Corp Fin has amended Disclosure Guidance Topic No. 7, Confidential Treatment Applications Submitted Pursuant to Rules 406 and 24b-2, to modify the alternatives available for companies with confidential treatment orders that are about to expire. The guidance—which, as always, is just that and not intended to be binding—addresses procedures for CTRs that were submitted, not under the new streamlined approach adopted last year (see this PubCo post), but rather under the old traditional approach that still lives but is now rarely used. Under the prior guidance, when a CT order obtained under the traditional process was about to expire, companies could use a short-form application for extensions, but they were not permitted to transition to the streamlined new process by simply filing the redacted exhibit on EDGAR following the streamlined procedures. However, under the new amended guidance, transition to the new streamlined approach is now one of the permitted alternatives.
You might recall that, under the SEC’s streamlined approach to confidential treatment adopted in FAST Act Modernization and Simplification of Regulation S-K, companies are now able to redact information from material contracts without the need to submit in advance formal confidential treatment requests, so long as the redacted information (i) is not material and (ii) would be competitively harmful if publicly disclosed. Upon request by the staff, companies are required to submit, on a supplemental basis, an unredacted paper copy and supporting analyses regarding materiality and competitive harm. Because it is streamlined and much more convenient, this process is preferred by most companies. (See this PubCo post.) But, as noted above, the amended guidance topic isn’t so much about the new process—it’s about old process, which continues in place as an alternative. (Some filings, such as Schedules 13D or filings with exhibit requirements in Item 1016 of Reg M-A, are not eligible for the new approach and are still required to submit CTRs as the only method available to secure confidential treatment.)
The amended guidance provides three alternative approaches to obtaining an extension (or not) when a CT order is about to expire:
- First, if the exhibit is still material but none of the information in the exhibit is still confidential, the company can simply refile an unredacted copy of the exhibit.
- Second, to extend the confidential period, companies can file an application under Rule 406 or Rule 24b-2 to continue to protect the confidential information from public release.
- If the order was initially issued less than three years ago, companies may submit (to CTExtensions@sec.gov) a short form application, which provides a more efficient process to file an application to extend the duration of confidentiality. The short form requires the company to affirm that the most recent application continues to be “true, complete and accurate,” indicate the desired duration of the extension and provide a brief explanation to support the request. Under the short form, the company is not required to resubmit the exhibit or the supporting analysis unless there is a change in the analysis. If the company reduces the amount of omitted information, a revised redacted exhibit must be filed. (See this PubCo post.)

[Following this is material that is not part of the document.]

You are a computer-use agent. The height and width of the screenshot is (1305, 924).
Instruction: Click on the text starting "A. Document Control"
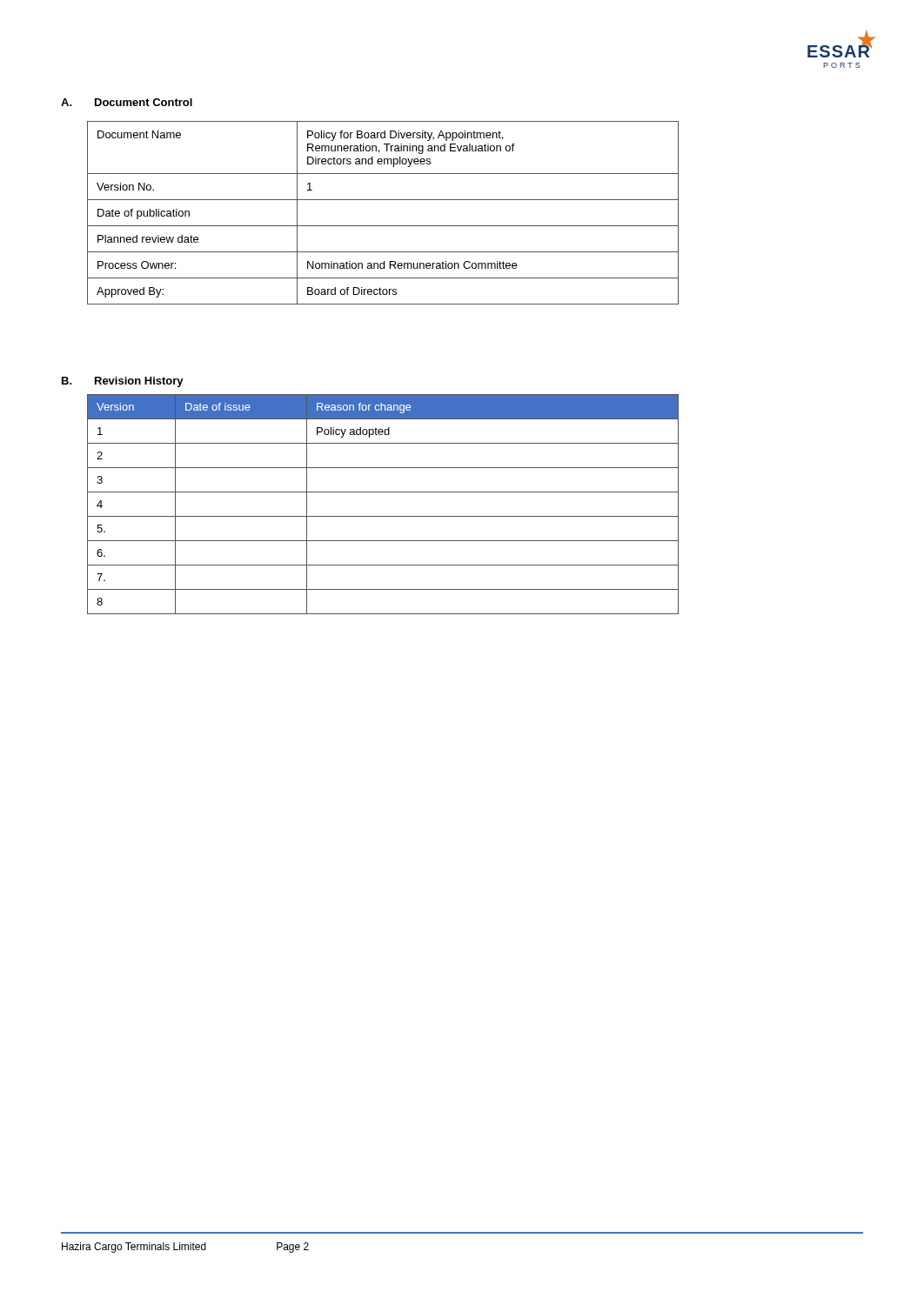pyautogui.click(x=127, y=102)

- If the order was initially issued more than three years ago, the short-form application is not available; the company would be required, unless the third alternative below is elected, to go through the CTR process again, filing a new, complete application under Rule 406 or Rule 24b-2. (Apparently, under the SEC’s updated records management program, all CTR materials are destroyed three years after the order date.)
- Third, if the order was initially issued more than three years ago, companies may elect—and most companies will likely elect—to transition to the streamlined new approach, described above, that is set forth in Reg S-K Item 601(b)(10). To accomplish the transition, the company would be required to refile the material contract in redacted form and comply with the legend and other requirements of the streamlined approach. The SEC expects most companies to transition to the streamlined process. With regard to timing, the staff will not recommend enforcement action if a company refiles a redacted exhibit under this streamlined approach in the company’s first Exchange Act report following the expiration of the CT order. However, a company may elect to transition earlier—so long as the transition is at least three years following the initial issuance of the CT order—by complying with the rules for the streamlined process in a new filing or by amending a previously filed document to refile a redacted exhibit, either before or after expiration of the CT order.